*EXERCISE DIRECTIONS*
Starting with the line containing "- character of" and going on through the line containing "Name each item", return the lines of the data below exactly, and only those.
-------- SUPPLIED ENTRIES
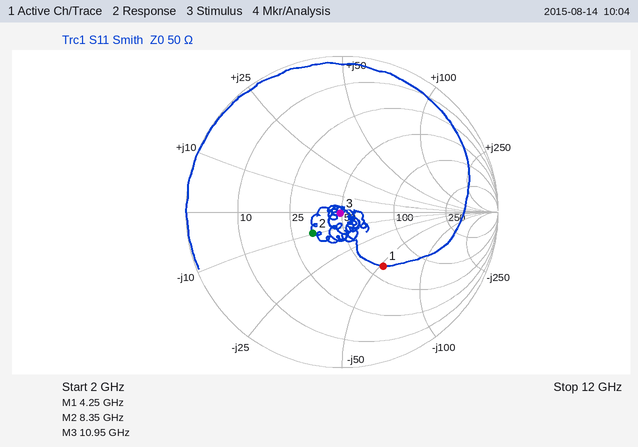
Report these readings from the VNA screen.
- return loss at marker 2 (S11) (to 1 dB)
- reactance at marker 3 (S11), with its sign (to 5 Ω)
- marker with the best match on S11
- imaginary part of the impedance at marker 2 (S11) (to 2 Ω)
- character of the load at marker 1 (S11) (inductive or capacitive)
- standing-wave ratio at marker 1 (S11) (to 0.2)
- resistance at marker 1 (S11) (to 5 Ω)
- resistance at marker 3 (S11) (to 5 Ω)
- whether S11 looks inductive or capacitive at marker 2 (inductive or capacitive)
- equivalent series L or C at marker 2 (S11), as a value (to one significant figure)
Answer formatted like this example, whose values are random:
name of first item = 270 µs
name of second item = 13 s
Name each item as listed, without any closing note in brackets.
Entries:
return loss at marker 2 (S11) = 13 dB
reactance at marker 3 (S11), with its sign = 0 Ω
marker with the best match on S11 = marker 3
imaginary part of the impedance at marker 2 (S11) = -10 Ω
character of the load at marker 1 (S11) = capacitive
standing-wave ratio at marker 1 (S11) = 2.6
resistance at marker 1 (S11) = 60 Ω
resistance at marker 3 (S11) = 50 Ω
whether S11 looks inductive or capacitive at marker 2 = capacitive
equivalent series L or C at marker 2 (S11), as a value = 2 pF
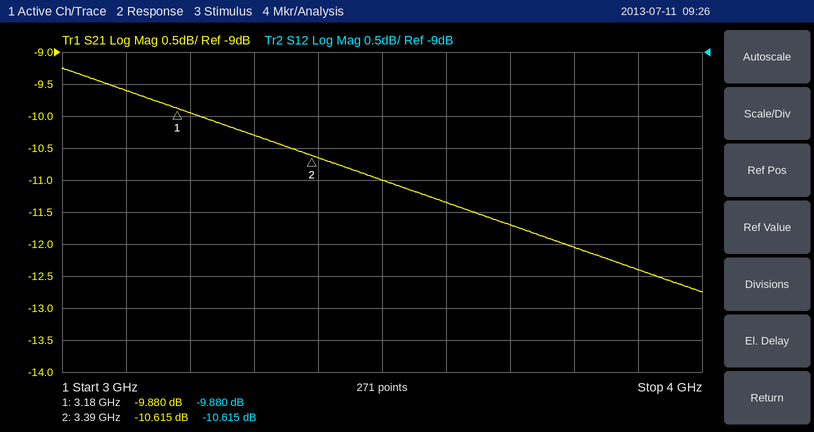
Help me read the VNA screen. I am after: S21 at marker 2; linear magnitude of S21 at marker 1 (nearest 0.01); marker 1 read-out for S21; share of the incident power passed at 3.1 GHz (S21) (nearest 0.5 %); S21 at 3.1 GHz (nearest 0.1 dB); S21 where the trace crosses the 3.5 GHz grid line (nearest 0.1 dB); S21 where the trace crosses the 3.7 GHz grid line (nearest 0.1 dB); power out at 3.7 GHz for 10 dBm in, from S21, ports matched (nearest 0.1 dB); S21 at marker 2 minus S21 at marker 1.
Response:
-10.615 dB
0.32
-9.880 dB
11.0 %
-9.6 dB
-11.0 dB
-11.7 dB
-1.7 dBm
-0.735 dB
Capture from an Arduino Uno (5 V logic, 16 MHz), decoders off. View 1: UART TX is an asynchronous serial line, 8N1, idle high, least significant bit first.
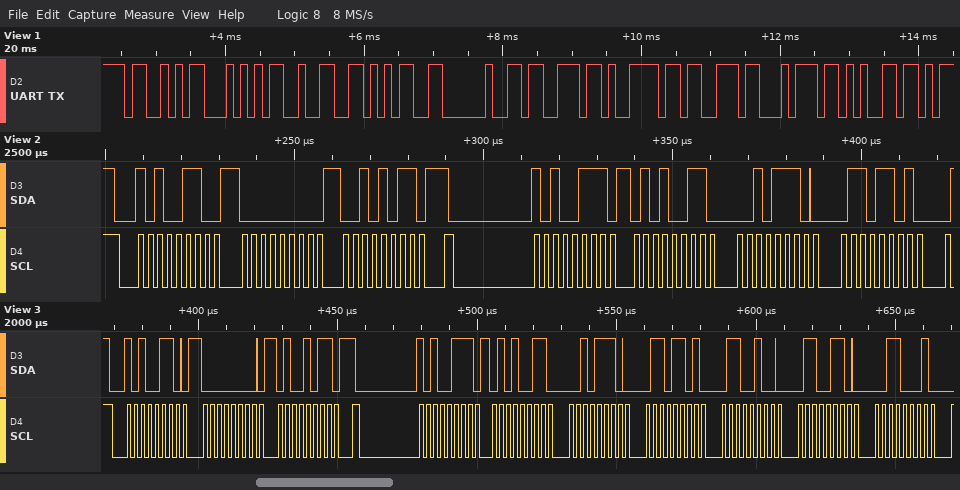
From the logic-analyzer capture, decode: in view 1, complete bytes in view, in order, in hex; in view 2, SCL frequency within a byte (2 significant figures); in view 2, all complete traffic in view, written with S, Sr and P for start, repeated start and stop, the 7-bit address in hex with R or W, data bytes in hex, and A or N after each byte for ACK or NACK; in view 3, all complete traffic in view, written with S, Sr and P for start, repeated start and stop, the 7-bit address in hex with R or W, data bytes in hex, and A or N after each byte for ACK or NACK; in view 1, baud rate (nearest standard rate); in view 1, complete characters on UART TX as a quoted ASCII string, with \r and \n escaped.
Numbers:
0x53 0x54 0x32 0x35 0x20 0x73 0x79 0x73 0x74 0x65
400 kHz
S 53W A 00 A 2B A Sr 53R A 53 A 2E A 6D A
S 53W A 00 A 4B A Sr 53R A 53 A 2E A 6D A 64 A 66 A 31 A
9600 baud
"ST25 syste"
----------------
*TASK RESPONSE*
- character of the load at marker 1 (S11) (inductive or capacitive)
- standing-wave ratio at marker 1 (S11) (to 0.2)
- resistance at marker 1 (S11) (to 5 Ω)
- resistance at marker 3 (S11) (to 5 Ω)
- whether S11 looks inductive or capacitive at marker 2 (inductive or capacitive)
- equivalent series L or C at marker 2 (S11), as a value (to one significant figure)
Answer formatted like this example, whose values are random:
name of first item = 270 µs
name of second item = 13 s
Name each item as listed, without any closing note in brackets.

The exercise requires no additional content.